### WORK ITEM
Search the records for "object". Copy every line where it appears.

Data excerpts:
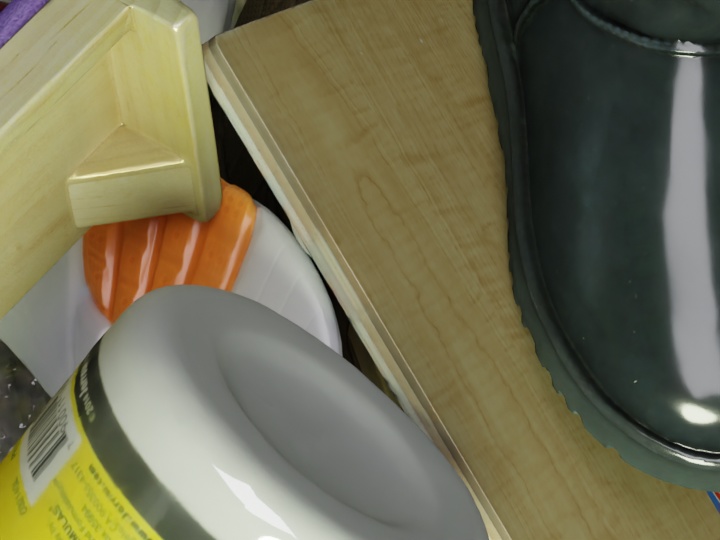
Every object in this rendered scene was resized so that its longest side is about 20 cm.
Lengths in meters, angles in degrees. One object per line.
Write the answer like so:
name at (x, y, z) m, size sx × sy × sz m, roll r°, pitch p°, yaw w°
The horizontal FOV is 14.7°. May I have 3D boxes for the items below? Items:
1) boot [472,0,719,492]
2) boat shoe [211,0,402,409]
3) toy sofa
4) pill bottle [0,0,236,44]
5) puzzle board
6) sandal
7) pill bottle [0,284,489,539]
boot at (0.087, -0.067, 0.724) m, size 0.076 × 0.169 × 0.201 m, roll -3°, pitch 55°, yaw -15°
boat shoe at (0.000, 0.000, 0.815) m, size 0.067 × 0.072 × 0.202 m, roll 12°, pitch 60°, yaw -37°
toy sofa at (-0.131, 0.001, 0.686) m, size 0.097 × 0.083 × 0.200 m, roll 30°, pitch 61°, yaw 23°
pill bottle at (-0.126, -0.130, 0.808) m, size 0.198 × 0.114 × 0.115 m, roll 14°, pitch 73°, yaw -3°
puzzle board at (0.043, 0.010, 0.777) m, size 0.201 × 0.017 × 0.151 m, roll 59°, pitch 32°, yaw 2°
sandal at (-0.070, -0.004, 0.794) m, size 0.206 × 0.059 × 0.079 m, roll 35°, pitch 97°, yaw 33°
pill bottle at (-0.068, 0.111, 0.688) m, size 0.112 × 0.112 × 0.200 m, roll 42°, pitch 108°, yaw 7°

### SOLUTION TO THE EXERCISE
Every object in this rendered scene was resized so that its longest side is about 20 cm.
Lengths in meters, angles in degrees. One object per line.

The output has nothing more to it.